3speedslow 05-05-16 05:42 PM


Originally Posted by markk900 (Post 18744285)
yes - have done it several times, in both directions (ie older guts in newer hub, and newer guts in older hub)....last time was almost NOS 70s guts into 49 hub.....solved all sorts of irritations.

Thanks, I figured it was possible but wanted to check before I dig through the tub for a older dated hub.

Velocivixen 05-05-16 06:22 PM

Hello again....um...Is this what it's supposed to look like? Seriously there is oil dripping out the other side but the cotter isn't budging.

https://farm8.staticflickr.com/7707/...ffccbe4a_c.jpgdrilling cotter by velocivixen, on Flickr

clubman 05-05-16 06:38 PM

Been there...go to a smaller bit and keep drilling

Velocivixen 05-05-16 07:20 PM

I assumed I'm supposed to drill from the threaded side then decided to start drilling from the other side. What a mess. I keep whacking on it every once in awhile. On the bright side the nds adjustable cup is good. The front wheel spoke nipples are rounded off so that might be interesting. I really need to get to the bottom bracket because if it's shot then I'll need to step away for awhile.

3speedslow 05-05-16 07:28 PM

Yes, it's a mess to drill but the destruction is your salvation. Like said, go to a smaller then larger drill. Keep the oil flowing and punch it every once an awhile.

It will come out.

clubman 05-05-16 07:32 PM

I'd stay with the threaded side, at least it's forcing the cotter in the direction it would ideally like to come out. Once you get through with a small bit the cotter collapses. Of course you can go through a few bits getting there. It is definitely a job requiring determination, desperation and perspiration in equal measures. Enjoy! ;)

gna 05-05-16 10:08 PM


Originally Posted by clubman (Post 18744523)
I'd stay with the threaded side, at least it's forcing the cotter in the direction it would ideally like to come out. Once you get through with a small bit the cotter collapses. Of course you can go through a few bits getting there. It is definitely a job requiring determination, desperation and perspiration in equal measures. Enjoy! ;)

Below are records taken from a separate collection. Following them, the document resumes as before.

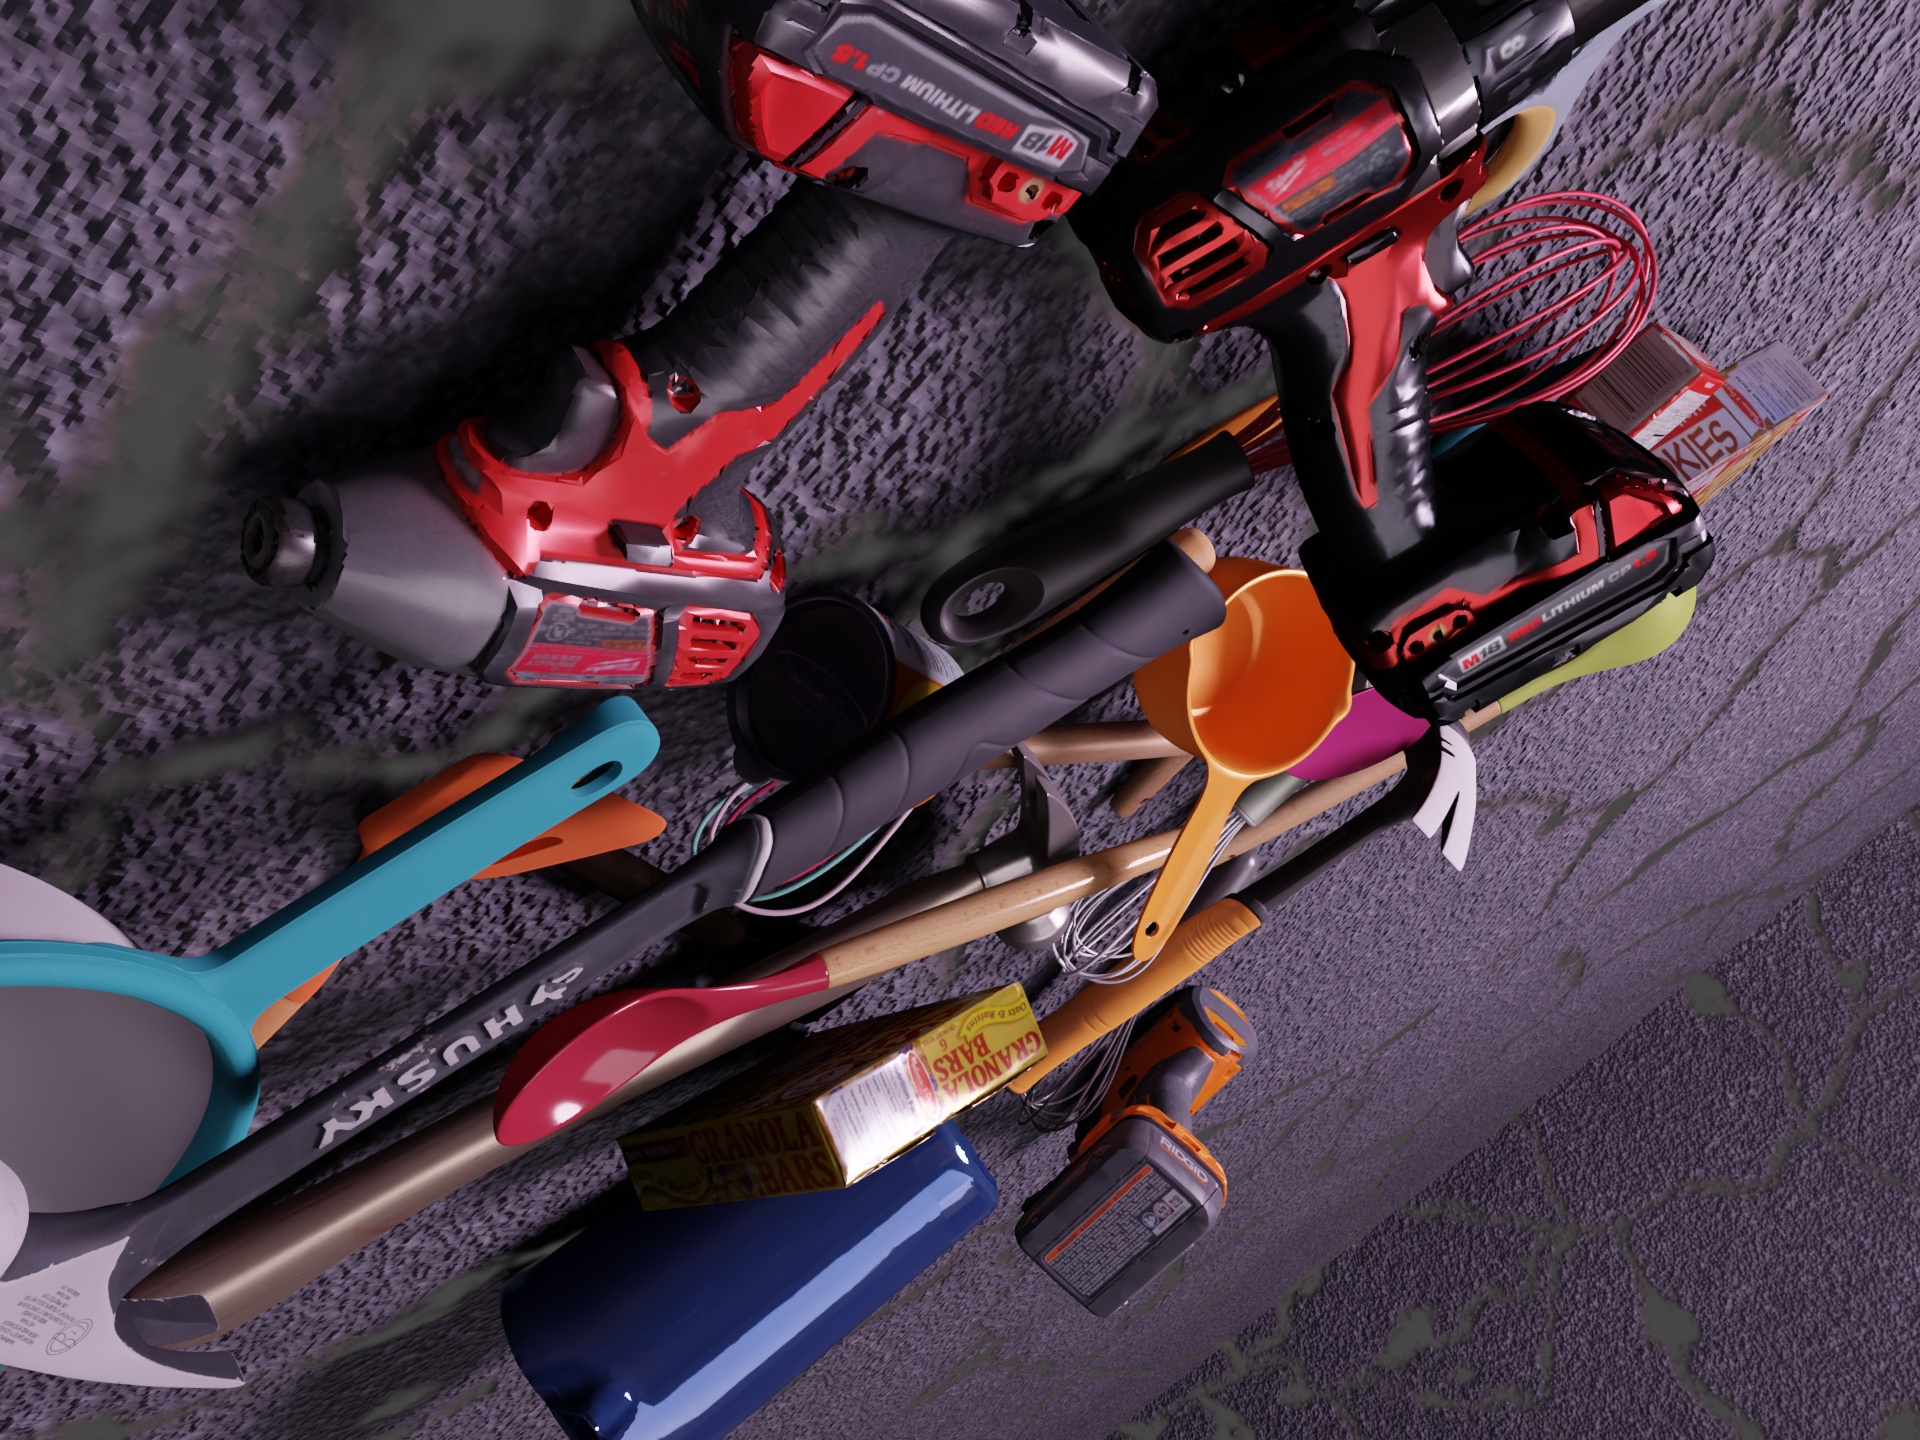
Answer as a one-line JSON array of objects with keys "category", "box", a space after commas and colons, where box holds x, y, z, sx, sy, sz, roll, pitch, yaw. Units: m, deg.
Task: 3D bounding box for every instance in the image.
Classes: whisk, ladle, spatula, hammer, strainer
[{"category": "whisk", "box": [0.105, 0.165, 0.963, 0.055, 0.055, 0.239, 6, 127, -50]}, {"category": "ladle", "box": [-0.031, 0.089, 0.615, 0.315, 0.031, 0.069, -16, 149, -30]}, {"category": "ladle", "box": [0.273, -0.007, 0.903, 0.320, 0.062, 0.078, -29, 156, 1]}, {"category": "spatula", "box": [0.179, -0.057, 0.718, 0.317, 0.044, 0.082, -48, 153, 23]}, {"category": "hammer", "box": [0.136, 0.120, 0.868, 0.337, 0.034, 0.127, -41, -172, 29]}, {"category": "hammer", "box": [-0.135, 0.135, 0.645, 0.410, 0.038, 0.146, -26, 151, -12]}, {"category": "spatula", "box": [-0.237, 0.110, 0.529, 0.322, 0.041, 0.081, -41, 144, 12]}, {"category": "whisk", "box": [-0.001, -0.002, 0.613, 0.245, 0.051, 0.047, -35, 141, -12]}, {"category": "whisk", "box": [0.117, -0.104, 0.572, 0.296, 0.073, 0.073, -29, 151, 0]}, {"category": "spatula", "box": [-0.103, 0.080, 0.649, 0.060, 0.018, 0.315, -36, 152, 3]}, {"category": "strainer", "box": [-0.245, 0.064, 0.410, 0.340, 0.095, 0.210, -33, 154, -18]}, {"category": "whisk", "box": [0.143, 0.053, 0.846, 0.246, 0.058, 0.059, -43, -176, 7]}, {"category": "hammer", "box": [-0.079, 0.055, 0.465, 0.409, 0.036, 0.149, -31, 150, -21]}]

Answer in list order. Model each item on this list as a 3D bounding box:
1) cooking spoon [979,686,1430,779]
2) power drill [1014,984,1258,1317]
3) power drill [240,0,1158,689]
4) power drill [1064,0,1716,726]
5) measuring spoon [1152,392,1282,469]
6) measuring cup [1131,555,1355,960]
[{"category": "cooking spoon", "box": [0.103, 0.007, 0.717, 0.318, 0.017, 0.068, -3, 137, -33]}, {"category": "power drill", "box": [0.110, 0.277, 1.025, 0.164, 0.084, 0.226, -49, 178, 22]}, {"category": "power drill", "box": [-0.070, -0.093, 0.377, 0.143, 0.079, 0.219, 2, 137, -47]}, {"category": "power drill", "box": [0.157, -0.126, 0.485, 0.188, 0.080, 0.226, -32, 125, 9]}, {"category": "measuring spoon", "box": [0.082, -0.090, 0.600, 0.117, 0.011, 0.021, -33, 151, -4]}, {"category": "measuring cup", "box": [0.098, 0.014, 0.666, 0.095, 0.052, 0.173, 20, 97, -34]}]

I had one where the cotter wouldn't collapse, even with bigger and bigger bits. I could see right through. Finally I grabbed the crank arms and forced them in opposite directions and the cotter finally gave way.

BigChief 05-06-16 04:05 AM


Originally Posted by gna (Post 18744903)
I had one where the cotter wouldn't collapse, even with bigger and bigger bits. I could see right through. Finally I grabbed the crank arms and forced them in opposite directions and the cotter finally gave way.

In all my years of 3 speeds, I've never dealt with a cotter that wouldn't drift out with a punch. I've bent a few and had to saw off the threads, but still always got it out with a punch and hammer so I don't know about drilling. It seems to me that there is no force that would cause it to collapse in the center. And you can only drill it open so far because it's a D shaped pin. There's still plenty of steel stuck onto the sides of the hole. I think the idea of moving the crank arms in opposite directions makes sense. Especially if one could be held securely while the other was tapped with a mallet.

gster 05-06-16 04:47 AM

Here's a Raleigh built Supercycle for sale on Kijiji Toronto. A 3 speed hub with a coaster brake and caliper brakes as well. Priced at $225.00.https://threespeedmania.files.wordpr...271vcgzfry.jpghttps://threespeedmania.files.wordpr.../27xzdsrw1.jpghttps://threespeedmania.files.wordpr.../27vcgndf1.jpghttps://threespeedmania.files.wordpr.../27bcfzry1.jpg .

clubman 05-06-16 08:05 AM


Originally Posted by BigChief (Post 18745150)
In all my years of 3 speeds, I've never dealt with a cotter that wouldn't drift out with a punch. I've bent a few and had to saw off the threads, but still always got it out with a punch and hammer so I don't know about drilling. It seems to me that there is no force that would cause it to collapse in the center. And you can only drill it open so far because it's a D shaped pin. There's still plenty of steel stuck onto the sides of the hole. I think the idea of moving the crank arms in opposite directions makes sense. Especially if one could be held securely while the other was tapped with a mallet.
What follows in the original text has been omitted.